Serializiation with Protocol Buffers in a Schemaless Database

Évariste Galois picture Évariste Galois · Nov 25, 2010 · Viewed 9k times · Source

We're using MySQL to store schemaless data (see: Using a Relational Database for Schemaless Data for the solution inspired by how FriendFeed uses MySQL to store schemaless data).

One big table holds all entities for our application:

CREATE TABLE entities (
  added_id INT UNSIGNED NOT NULL AUTO_INCREMENT PRIMARY KEY
, id BINARY(16) NOT NULL
, body MEDIUMBLOB
, UNIQUE KEY (id)
) ENGINE=InnoDB ;

A few details:

  • The only required property of stored entities is id, a 16-byte UUID. The rest of the entity is opaque to the database. We can change the "schema" simply by storing new properties in the body.

  • The added_id column is present because InnoDB stores data rows physically in primary key order. The AUTO_INCREMENT primary key ensures new entities are written sequentially on disk after old entities, which helps for read/write locality (new entities are read more frequently than old entities).

  • Our database stores our schemaless data in the body. <- This is the topic of this question.

  • Plenty of other interesting details, like "reaching into" the body data to build asynchronous materialized views (indexes are just tables that are built offline), but they're not relevant to the current discussion...

How should we be serializing the structured data (key-value pairs) in the body?

JSON or BSON would be simple, since the field names are repeated for each row. This gives it an advant­age in flex­ib­il­ity but also a big dis­ad­vant­age in space ef­fi­ciency (a per-row over­head for field names in the seri­al­ized data). We're trying to keep things in memory, and minimizing both memory and network footprint is important here. The more records we can fit in the same space, the faster our queries will be. We prefer relatively long, descriptive field names, and shortening them to make my database faster is wrong!

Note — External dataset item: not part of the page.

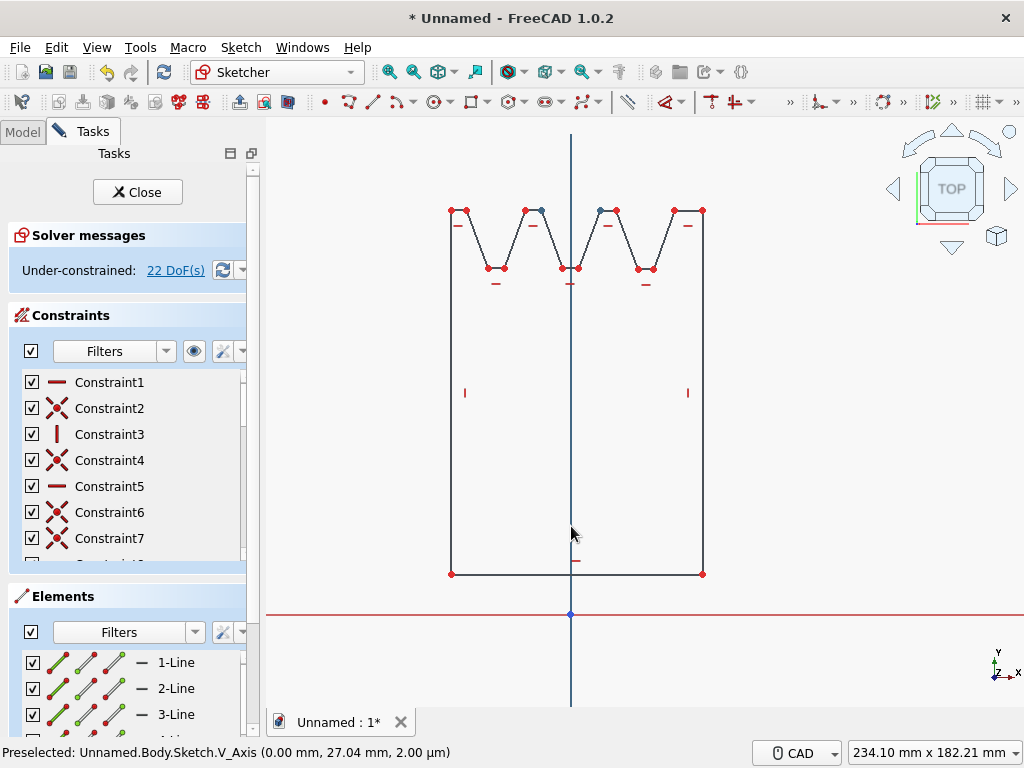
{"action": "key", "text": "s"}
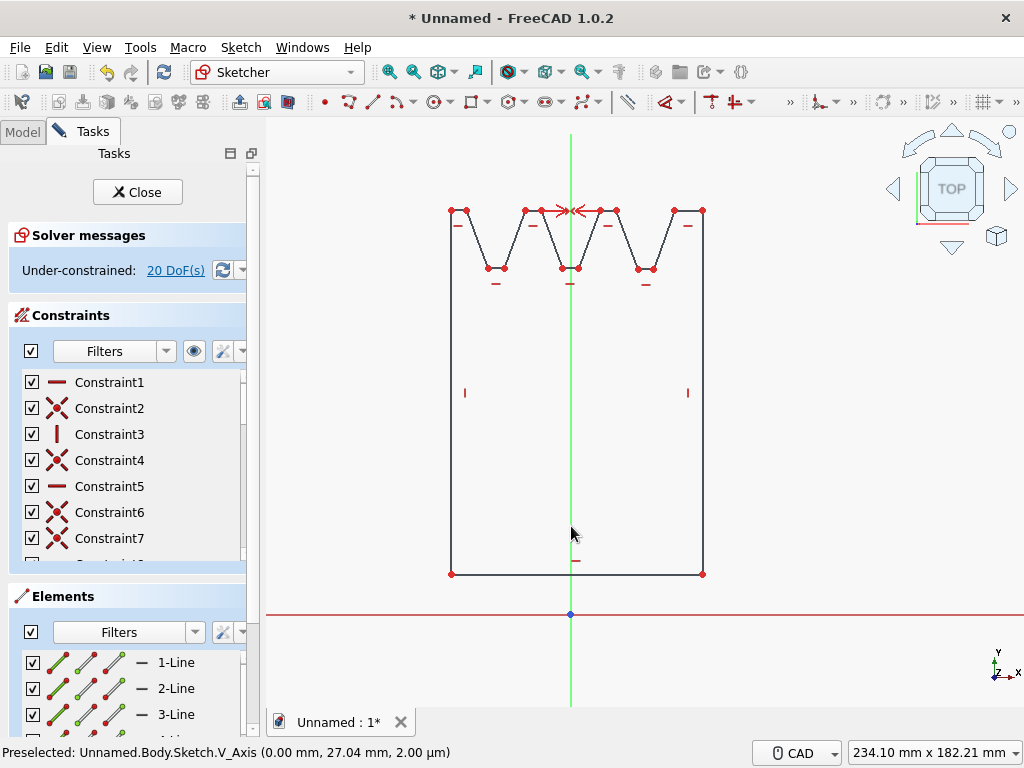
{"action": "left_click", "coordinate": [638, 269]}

In the end, JSON/BSON is unworkable for our purposes, unless we get more complex and map small keys to more descriptive keys in the application driver that talks to the database. Which got us thinking...

Although our database is schemaless, in reality: 1) there aren't too many different kinds of entities, 2) versions of the same kind of entity don't change often, and 3) when they do change, it's usually just to add another field. JSON/BSON have no native support for versioning.

Protocol Buffers and Thrift are much more sophisticated when it comes to versioning and data definition changes. Both Thrift and Protocol Buffers are great candidates for serializing data into databases, and Thrift is designed so that the encoding format is extensible.

Protocol Buffers look like a great choice for serializing data in a schemaless database.

CouchDB and MongoDB (the two most popular schemaless databases?) use JSON and BSON respectively, but we can't find anything about using something more advanced, like Protocol Buffers, as a serialization format for storing schemaless data. There are products that store a specific language's version of objects (ie. storing Java's Externalizable objects in a datagrid, or doing NoSQL with MySQL in Ruby), but these are a pain (try accessing them from other platforms, or even from MySQL itself, and forget about versioning).

Is anyone storing the more interoperable Protocol Buffers in their database, or some other advanced serialization format in their schemaless database? This is a question of whether there are other options besides straightforward per-row serialization of JSON/BSON/XML, or serializing a specific language's objects. Is it even feasible? Are we missing something? sorry for the stream of consciousness style narrative!

Answer

Jeremiah Peschka picture Jeremiah Peschka · Nov 30, 2010

As you found out, MongoDB and CouchDB have strong opinions about how you store your data. If you're looking for a storage agnostic approach, you'll want to do something like @Joshua suggests and look at Cassandra or HBase. Even these two datastores have opinions about how data should be stored (they're both based on Google's Bigtable) and store data in column families.

Riak uses protocol buffers as one method of serializing data from your application into the datastore. It might be worth checking out to see if it fits your needs. It looks like you're largely planning to do single key lookups, so Riak may be a strong contender for your solution.